Once again he had the impression that he had unnecessarily forestalled a direction Anthony was not going to take.

‘Yes, it… did arrive.’ He smiled. ‘You’re wondering why it wasn’t acted upon. Or why only now.’

‘A little bit, yes.’

‘Death’s rather like a certain kind of lecturer. You don’t really hear what is being said until you’re in the first row.’ He said, ‘it’s helped me to win my battle, Dan. Jane is losing hers.’ He hesitated. ‘She didn’t want you to come today. I don’t know if you’ve realized that.’

Dan looked down again out of the room: the dead street.

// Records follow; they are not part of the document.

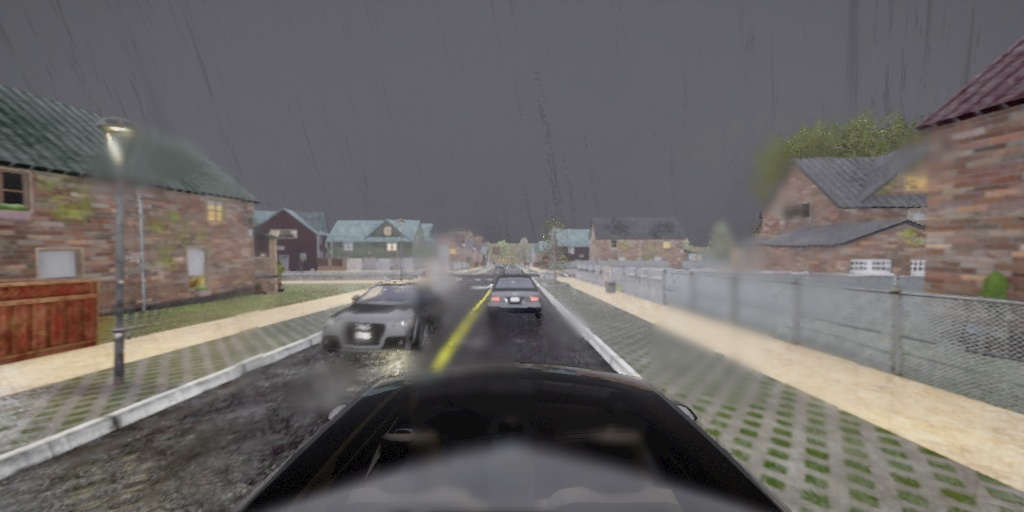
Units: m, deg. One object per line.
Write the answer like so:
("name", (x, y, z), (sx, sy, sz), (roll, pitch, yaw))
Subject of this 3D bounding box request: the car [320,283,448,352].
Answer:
("car", (-2.849, 1.371, 8.901), (1.994, 1.385, 4.181), (0, -1, 0))

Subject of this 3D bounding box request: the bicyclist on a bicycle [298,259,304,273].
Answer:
("bicyclist on a bicycle", (-24.887, 1.152, 42.335), (0.582, 1.620, 1.656), (0, 2, -16))

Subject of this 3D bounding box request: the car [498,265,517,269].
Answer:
("car", (0.087, 1.581, 27.252), (1.895, 1.301, 4.718), (0, -1, 0))

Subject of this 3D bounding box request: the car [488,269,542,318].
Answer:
("car", (0.095, 1.395, 13.446), (2.033, 1.411, 5.357), (0, 0, 0))
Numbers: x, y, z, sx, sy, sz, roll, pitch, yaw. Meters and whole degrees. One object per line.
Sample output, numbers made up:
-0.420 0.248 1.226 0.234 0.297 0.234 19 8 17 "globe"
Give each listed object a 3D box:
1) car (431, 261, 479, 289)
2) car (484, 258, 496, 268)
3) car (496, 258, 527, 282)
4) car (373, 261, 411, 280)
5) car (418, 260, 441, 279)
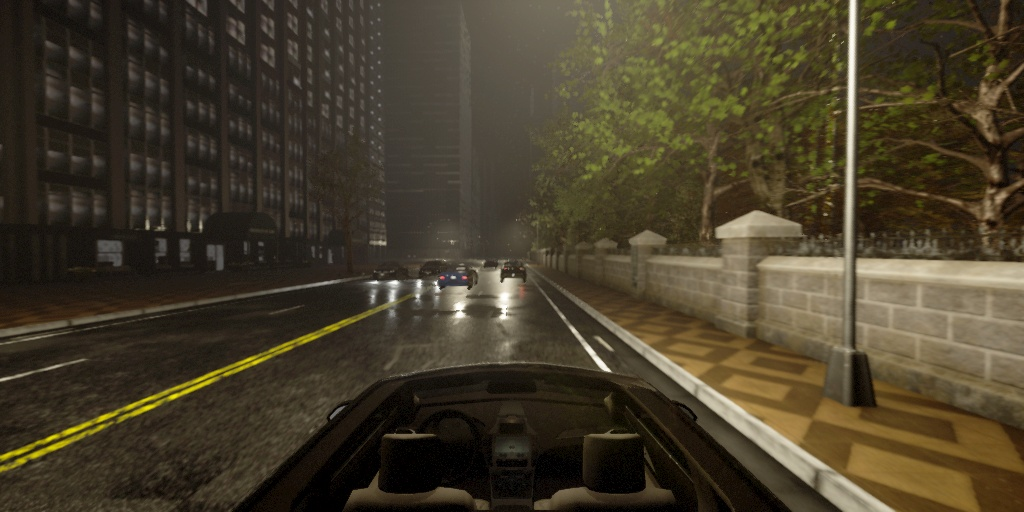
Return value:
-3.149 1.193 21.742 2.033 1.411 5.357 0 0 0 "car"
-3.147 1.046 54.833 1.994 1.385 4.181 0 0 0 "car"
0.101 1.109 27.344 2.128 1.511 4.902 0 0 0 "car"
-9.786 1.131 29.416 1.812 1.442 4.674 0 0 1 "car"
-6.528 1.109 30.214 1.837 1.490 4.892 0 0 0 "car"
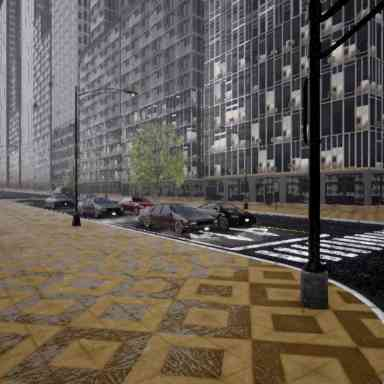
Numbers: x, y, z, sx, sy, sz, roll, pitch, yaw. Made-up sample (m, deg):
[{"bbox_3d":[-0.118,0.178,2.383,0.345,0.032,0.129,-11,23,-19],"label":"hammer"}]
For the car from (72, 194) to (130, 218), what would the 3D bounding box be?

‘She blames me still over Nell?’

‘I don’t think that has anything to do with it. And blame is not the word.’ His voice was less incisive now. ‘She’s reacted to the past in a very different way from myself. I suspect you’ve become in some way an emblem of all that our marriage has lacked. The broken keel on which she now considers it was built.’ There was a moment’s pause then he went on. ‘You must excuse me, Dan. I’m not exposing the problem very coherently. I decided I wanted very much to see you about a month ago. It was partly Jane’s reaction when I broached the matter that made me realize how much she and I had hidden from each other over the years. None of this has been discussed openly between us. Her reluctance has purportedly been at the inconvenience it would cause you. The vanity of supposing you would even remember who we were.’ He added, ‘In which she may be partly right.’

Dan was leaning now against the wall by the glass door; for once Anthony was avoiding his eyes, speaking to the grey hospital floor.

‘But mainly wrong.’

Anthony smiled up. ‘But at least she’s partly right in thinking that my motives are essentially selfish. I’m really asking you to do something that I failed to do myself, Dan. And I know. Impossibly. After all these years not, alas, knowing you any more. Simply guessing. Praying. Now that you have been given the missing card.’

And for a few moments, but once again moments of that hinged, geometric nature that destroys time and conscious notion of sequences the two men sought something, a mystery and an understanding of it, in each other’s eyes. A code of intercourse was being broken, another proposed; and Dan, if he could not grasp its full significance consciously, knew that, whatever the state of Anthony’s specific faith, he retained a far deeper one in a universal absolute. His seeming obliviousness to time, interval, to all the outward rest, was in fact a mere function of that: what I ask is timeless… a preposterous, but true, demand of personal moral being. You may wonder at me, laugh at me, despise me for professing both a faith and a discipline the world increasingly despises: but that is neither who I am at this moment nor why we are here. Perhaps it was the proximity of death; yet it seemed to Dan as if he had always been mistaken in one assumption: that this man was a philosopher merely by intellect and a cast of mind. Underneath, and movingly, lay something very primitive and simple, of the innocence of childhood; and also of true adulthood, of that other philosopher who had once preferred hemlock to a lie.

‘Anthony, of course. If trying will help…’

‘But I ask the impossible?’

‘I didn’t mean that.’ He looked down at his sherry. ‘Just that well, it’s rather up to Jane, isn’t it? She must have many far closer friends now.’

‘What she needs is someone who both knows her and doesn’t. Who can remember what she once was. She’s become very withdrawn, Dan. I think not only with me.’ He considered his next sentence in his mind, then spoke. ‘Perhaps the most profound breach in our marriage has been over the question of whether we have some control over our lives or not. One reason I can’t talk with her about all these matters is that our marriage has become the standing proof that my case has no validity. I preach in an empty church, which proves my sermons are worthless. We’re reduced now to a tender convention. Dying husband, dutiful wife.’